DATA SHOWN
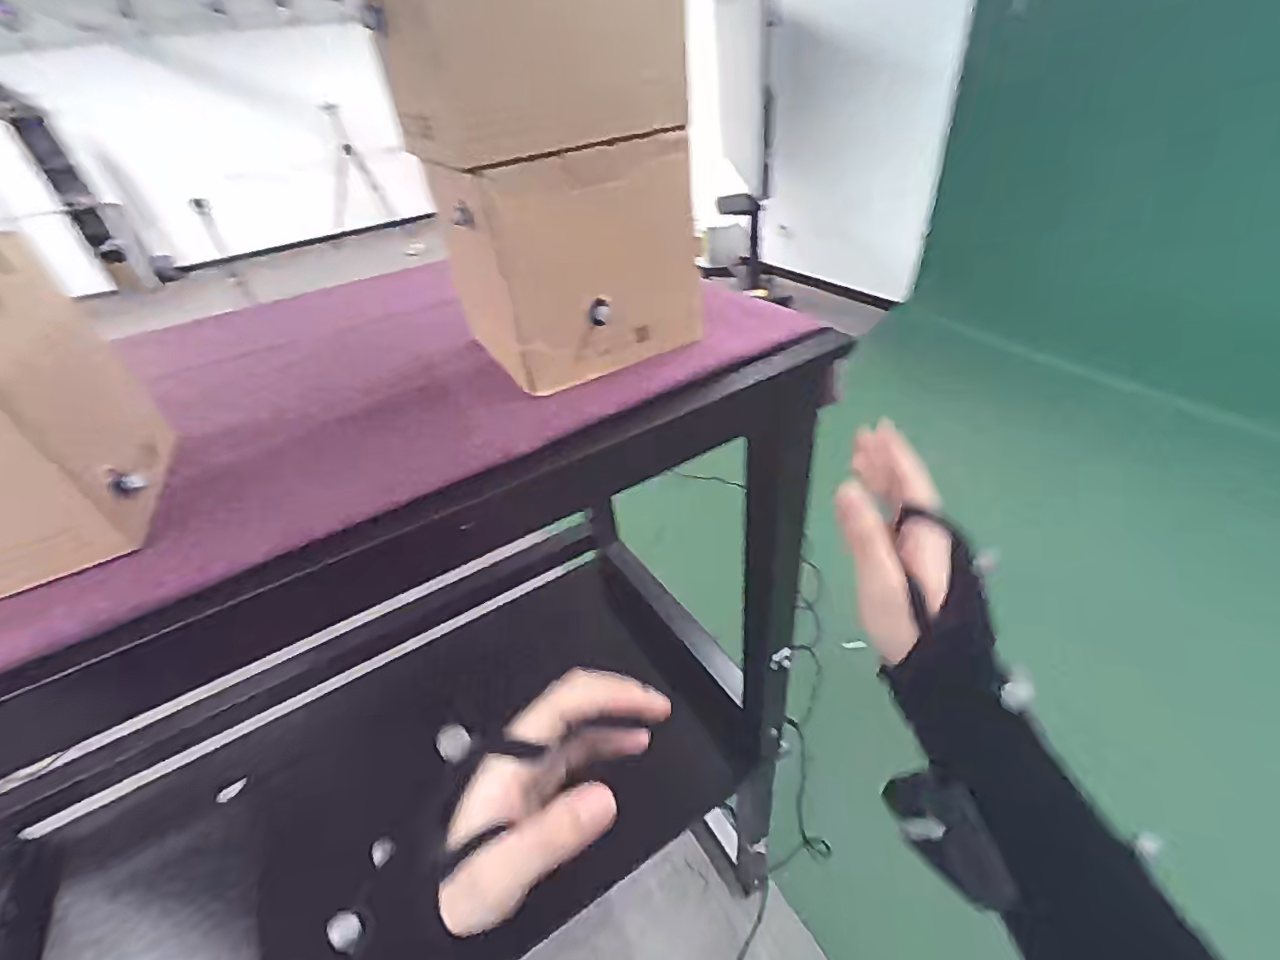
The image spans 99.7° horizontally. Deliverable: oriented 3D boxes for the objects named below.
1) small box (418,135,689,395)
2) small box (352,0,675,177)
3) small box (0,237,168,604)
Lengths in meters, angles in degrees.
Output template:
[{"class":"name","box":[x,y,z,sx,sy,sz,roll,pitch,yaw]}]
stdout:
[{"class":"small box","box":[-0.072,-0.197,0.479,0.168,0.176,0.179,-25,41,-21]},{"class":"small box","box":[-0.091,-0.320,0.371,0.179,0.176,0.168,-25,42,-20]},{"class":"small box","box":[-0.431,-0.023,0.316,0.179,0.176,0.168,-25,39,-19]}]

AIM OF THE TASK
Repeat the preceding records precisely, and leave every picture out of the copy.

ANSWER
The image spans 99.7° horizontally. Deliverable: oriented 3D boxes for the objects named below.
1) small box (418,135,689,395)
2) small box (352,0,675,177)
3) small box (0,237,168,604)
Lengths in meters, angles in degrees.
Output template:
[{"class":"name","box":[x,y,z,sx,sy,sz,roll,pitch,yaw]}]
stdout:
[{"class":"small box","box":[-0.072,-0.197,0.479,0.168,0.176,0.179,-25,41,-21]},{"class":"small box","box":[-0.091,-0.320,0.371,0.179,0.176,0.168,-25,42,-20]},{"class":"small box","box":[-0.431,-0.023,0.316,0.179,0.176,0.168,-25,39,-19]}]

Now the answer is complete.